Supported by growing payrolls and a low level of layoffs, demand for housing has strengthened over the past year as more Americans now have the means and the confidence to invest in a home. As the Federal Reserve considers raising interest rates at its meeting Wednesday, acceleration in wage growth will be needed to underpin further momentum in the housing industry.
“Demand for housing is still good,” said Stephen Stanley, chief economist at Amherst Pierpont Securities LLC in New York and one of the best forecasters of housing starts over the past two years, according to data compiled by Bloomberg. “More people are working and they’re starting to get paid a little more too, balance sheets are very clean, and people are feeling a little better about the overall environment.”
Homebuilder stocks rose after the report. The Standard & Poor’s Supercomposite Homebuilding index, which includes companies such as DR Horton Inc., Lennar Corp. and Toll Brothers Inc., was up 1.5 percent at 10:54 a.m. New York time.
Estimates for housing starts in the Bloomberg survey ranged from 1 million to 1.2 million.
Building permits, a sign of future construction, increased 11 percent in November to a 1.29 million annualized rate, the most since June. They were projected to rise to 1.15 million.

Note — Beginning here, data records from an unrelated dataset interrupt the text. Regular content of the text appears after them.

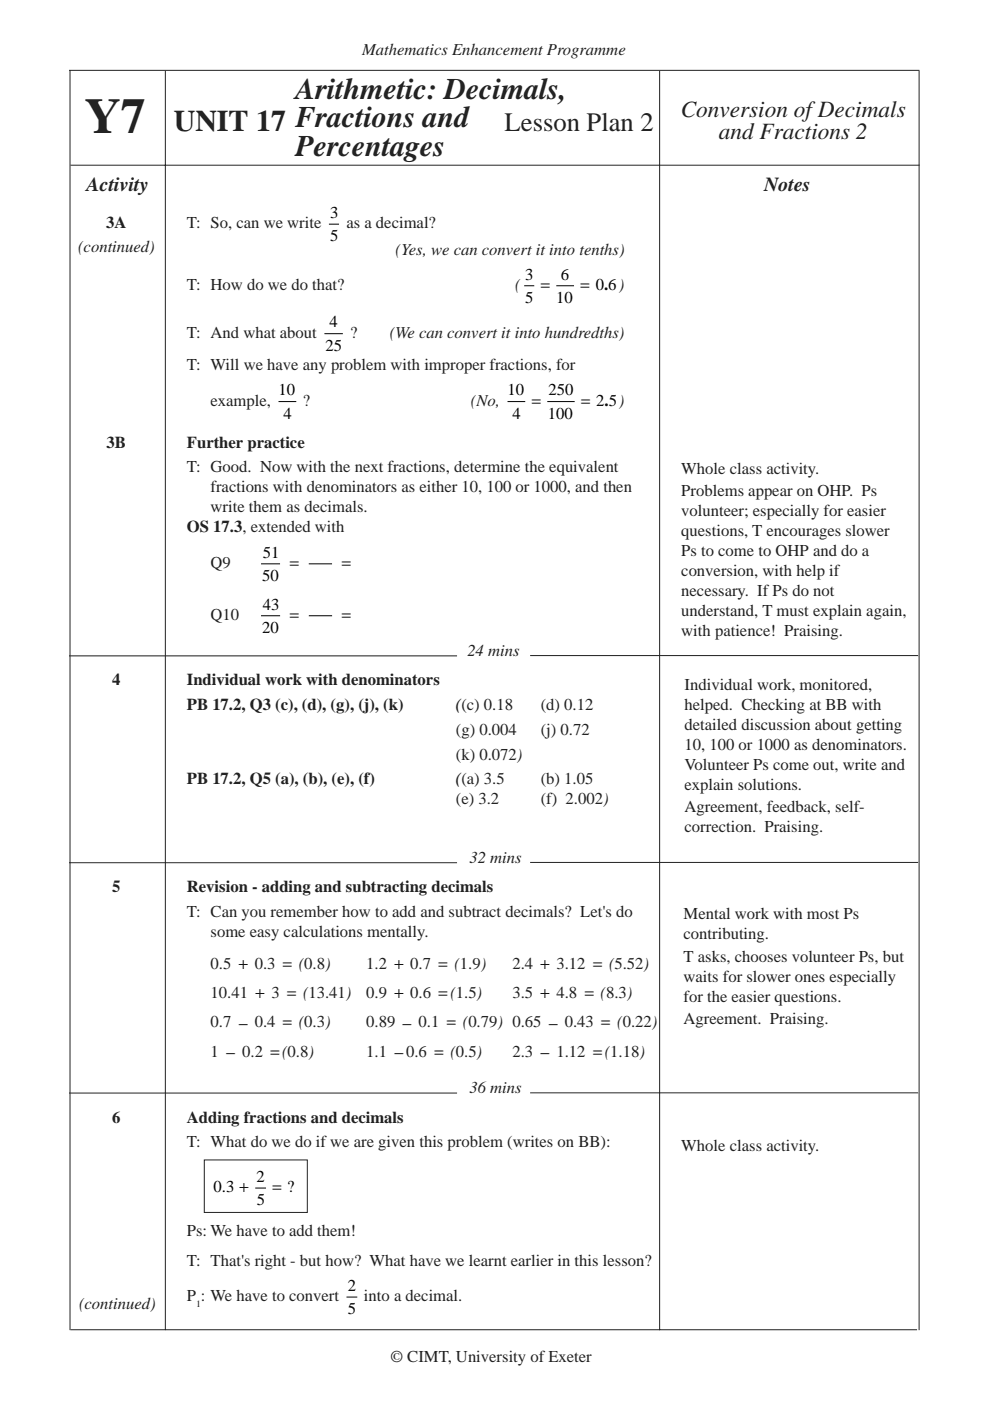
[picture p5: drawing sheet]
<svg xmlns="http://www.w3.org/2000/svg" width="210mm" height="297mm" viewBox="0 0 210 297" stroke-linecap="round" stroke-linejoin="round" font-family="sans-serif">
<defs><g id="words">
<text font-size="10.6" fill="#231f20" x="18" y="28.3">Y7</text>
<g font-size="6.3" fill="#231f20">
<text x="62.7" y="21">Arithmetic: Decimals,</text>
<text x="36.8" y="27.7">UNIT 17 Fractions and</text>
<text x="62.7" y="33">Percentages</text>
</g>
<text font-size="5.6" fill="#231f20" x="107" y="27.7">Lesson Plan 2</text>
<g font-size="4.9" fill="#231f20">
<text x="144.3" y="24.8">Conversion of Decimals</text>
<text x="152.4" y="29.4">and Fractions 2</text>
</g>
<g font-size="4.2" fill="#231f20">
<text x="18.4" y="40.4">Activity</text>
<text x="162" y="40.4">Notes</text>
</g>
<g font-size="3.5" fill="#231f20">
<text x="76.8" y="11.6">Mathematics Enhancement Programme</text>
<text x="16.6" y="53.3">(continued)</text>
<text x="22.5" y="48.4">3A</text>
<text x="39.6" y="48.4">T: So, can we write</text>
<text x="73.4" y="48.4">as a decimal?</text>
<text x="83.9" y="54">(Yes, we can convert it into tenths)</text>
<text x="39.6" y="61.5">T: How do we do that?</text>
<text x="109.2" y="61.5">(</text>
<text x="39.6" y="71.7">T: And what about</text>
<text x="74.3" y="71.7">?</text>
<text x="82.6" y="71.7">(We can convert it into hundredths)</text>
<text x="39.6" y="78.5">T: Will we have any problem with improper fractions, for</text>
<text x="44.6" y="86.1">example,</text>
<text x="64.2" y="86.1">?</text>
<text x="99.9" y="86.1">(No,</text>
<text x="22.6" y="94.9">3B</text>
<text x="39.6" y="94.9">Further practice</text>
<text x="39.6" y="100.1">T: Good. Now with the next fractions, determine the equivalent</text>
<text x="144.4" y="100.5">Whole class activity.</text>
<text x="44.6" y="104.4">fractions with denominators as either 10, 100 or 1000, and then</text>
<text x="144.4" y="105.3">Problems appear on OHP. Ps</text>
<text x="39.6" y="112.8">OS 17.3, extended with</text>
<text x="44.6" y="108.6">write them as decimals.</text>
<text x="144.4" y="109.5">volunteer; especially for easier</text>
<text x="144.4" y="113.7">questions, T encourages slower</text>
<text x="144.4" y="118">Ps to come to OHP and do a</text>
<text x="44.6" y="120.5">Q9</text>
<text x="144.4" y="122.2">conversion, with help if</text>
<text x="44.6" y="131.5">Q10</text>
<text x="144.4" y="126.4">necessary. If Ps do not</text>
<text x="144.4" y="130.7">understand, T must explain again,</text>
<text x="144.4" y="134.9">with patience! Praising.</text>
<text x="99.1" y="139.1">24 mins</text>
<text x="23.8" y="145.3">4</text>
<text x="39.6" y="145.3">Individual work with denominators</text>
<text x="145.1" y="146.3">Individual work, monitored,</text>
<text x="39.6" y="150.6">PB 17.2, Q3 (c), (d), (g), (j), (k)</text>
<text x="96.7" y="150.6">((c) 0.18</text>
<text x="96.7" y="155.8">(g) 0.004</text>
<text x="114.6" y="150.6">(d) 0.12</text>
<text x="114.6" y="155.8">(j) 0.72</text>
<text x="145.1" y="150.6">helped. Checking at BB with</text>
<text x="145.1" y="154.8">detailed discussion about getting</text>
<text x="96.7" y="161">(k) 0.072)</text>
<text x="145.1" y="159">10, 100 or 1000 as denominators.</text>
<text x="39.6" y="166.3">PB 17.2, Q5 (a), (b), (e), (f)</text>
<text x="96.7" y="166.3">((a) 3.5</text>
<text x="114.6" y="166.3">(b) 1.05</text>
<text x="145.1" y="163.3">Volunteer Ps come out, write and</text>
<text x="145.1" y="167.5">explain solutions.</text>
<text x="96.7" y="170.5">(e) 3.2</text>
<text x="114.6" y="170.5">(f) 2.002)</text>
<text x="145.1" y="172.2">Agreement, feedback, self-</text>
<text x="145.1" y="176.5">correction. Praising.</text>
<text x="99.5" y="183">32 mins</text>
<text x="23.8" y="189.2">5</text>
<text x="39.6" y="189.2">Revision - adding and subtracting decimals</text>
<text x="39.6" y="194.4">T: Can you remember how to add and subtract decimals? Let's do</text>
<text x="144.9" y="194.9">Mental work with most Ps</text>
<text x="44.6" y="198.6">some easy calculations mentally.</text>
<text x="144.9" y="199.2">contributing.</text>
<text x="144.9" y="203.9">T asks, chooses volunteer Ps, but</text>
<text x="44.6" y="205.4">0.5 + 0.3 = (0.8)</text>
<text x="77.6" y="205.4">1.2 + 0.7 = (1.9)</text>
<text x="108.6" y="205.4">2.4 + 3.12 = (5.52)</text>
<text x="144.9" y="208.1">waits for slower ones especially</text>
<text x="44.6" y="211.6">10.41 + 3 = (13.41)</text>
<text x="77.6" y="211.6">0.9 + 0.6 =(1.5)</text>
<text x="108.6" y="211.6">3.5 + 4.8 = (8.3)</text>
<text x="144.9" y="212.4">for the easier questions.</text>
<text x="44.6" y="217.8">0.7 − 0.4 = (0.3)</text>
<text x="77.6" y="217.8">0.89 − 0.1 = (0.79) 0.65 − 0.43 = (0.22)</text>
<text x="144.9" y="217.1">Agreement. Praising.</text>
<text x="44.6" y="224.1">1 − 0.2 =(0.8)</text>
<text x="77.6" y="224.1">1.1 −0.6 = (0.5)</text>
<text x="108.6" y="224.1">2.3 − 1.12 =(1.18)</text>
<text x="99.5" y="231.8">36 mins</text>
<text x="23.8" y="238">6</text>
<text x="39.6" y="238">Adding fractions and decimals</text>
<text x="39.6" y="243.3">T: What do we do if we are given this problem (writes on BB):</text>
<text x="144.4" y="244.1">Whole class activity.</text>
<text x="39.6" y="262.1">Ps: We have to add them!</text>
<text x="39.6" y="268.4">T: That's right - but how? What have we learnt earlier in this lesson?</text>
<text x="39.6" y="275.9">P : We have to convert</text>
<text x="77.2" y="275.9">into a decimal.</text>
<text x="16.7" y="277.6">(continued)</text>
<text x="82.8" y="288.8">© CIMT, University of Exeter</text>
</g>
<g font-size="3.5">
<text x="70" y="46.2">3</text>
<text x="70" y="51.1">5</text>
<text x="111.4" y="59.3">3</text>
<text x="118.9" y="59.3">6</text>
<text x="111.4" y="64.2">5</text>
<text x="114.7" y="61.5">=</text>
<text x="117.9" y="64.2">10</text>
<text x="123.1" y="61.5">= 0 6)</text>
<text x="128.1" y="61.5">.</text>
<text x="69.9" y="69.4">4</text>
<text x="69" y="74.4">25</text>
<text x="59" y="83.8">10</text>
<text x="107.6" y="83.8">10</text>
<text x="116.3" y="83.8">250</text>
<text x="60.1" y="88.8">4</text>
<text x="108.6" y="88.8">4</text>
<text x="112.7" y="86.1">=</text>
<text x="116.1" y="88.8">100</text>
<text x="123.2" y="86.1">= 2 5)</text>
<text x="128.2" y="86.1">.</text>
<text x="55.7" y="118.2">51</text>
<text x="55.6" y="123.2">50</text>
<text x="61.5" y="120.5">=</text>
<text x="72.5" y="120.5">=</text>
<text x="55.7" y="129.2">43</text>
<text x="61.5" y="131.5">=</text>
<text x="72.5" y="131.5">=</text>
<text x="55.6" y="134.2">20</text>
<text x="54.4" y="250.6">2</text>
<text x="45.3" y="252.8">0 3 +</text>
<text x="47" y="252.8">.</text>
<text x="54.4" y="255.5">5</text>
<text x="57.8" y="252.8">= ?</text>
<text x="73.7" y="273.7">2</text>
<text x="73.8" y="278.6">5</text>
</g>
<text font-size="2" fill="#231f20" x="41.6" y="277.1">1</text>
</g></defs>
<g fill="none" stroke="#231f20" stroke-width=".21">
<path d="M14.6 14.9h180.4M14.8 15v267M35.1 15v267M139.9 15v267M194.9 15v267M15 35h180M14.6 139.1h82.3M112.4 139h82.3M14.6 182.9h82.3M112.4 182.9h82.3M14.6 231.7h82.3M112.4 231.7h82.3"/>
<path d="M43.3 245.9h21.9v11.2h-21.9zM15 281.9h179.4"/>
</g>
<g fill="none" stroke="#000" stroke-width=".21">
<path d="M69.7 47.5h2.2M68.8 70.7h3.9M111.1 60.6h2.2M117.9 60.6h3.8M59.1 85.1h3.7M107.6 85.1h3.8M116 85.1h5.8M55.3 119.5h4.1M65.5 119.5h4.9M55.3 130.6h4.1M65.5 130.6h4.9M54.1 251.9h2.3"/>
<path d="M73.5 275h2.3"/>
</g>
<use href="#words"/>
</svg>

Construction of single-family houses increased to a 768,000 rate from 714,000 in October, and the report showed gains may continue. Building applications for single-family projects rose to a 723,000 pace, the most since December 2007.
Single-family dwellings make up the biggest part of the market and are subject to less volatility.
Work on multifamily homes, such as apartment buildings, rose 16.4 percent to a 405,000 rate. Data on these projects, which have led housing starts in recent years, can be volatile.
Two of four regions had an increase in starts in November, paced by an 21.3 percent jump in the South, according to the report.
Fed officials on Wednesday will announce whether they plan to raise interest rates for the first time since 2006. If the central bank moves ahead with the rate hike, most economists surveyed by Bloomberg see a subsequent increase in the 30-year mortgage rate next year, a development that could contain the pace of improvement in the industry.
A pickup in wage growth will be needed to support housing in its next leg of recovery as steady job growth has done much of the heavy lifting thus far.
The correlation between U.S. personal income and new, privately owned housing starts is 0.91 over the period since the recovery started in June 2009, according to Bloomberg calculations. A reading of 1 means the items being compared move in lock-step, while minus 1 would mean they move in opposite directions.
“The effect of personal income on housing starts has grown following the end of the great recession in late 2009 as the current housing market recovers,” Bloomberg Intelligence analyst Erich Marriott wrote in a Dec. 8 report.
Housing starts climbed 10.5 percent to a 1.17 million annualized rate from a 1.06 million pace in October, figures from the Commerce Department showed Wednesday in Washington. The median estimate of 81 economists surveyed by Bloomberg was for a 1.13 million rate. Work began on the most stand-alone houses since January 2008, and permits for similar projects reached an eight-year high.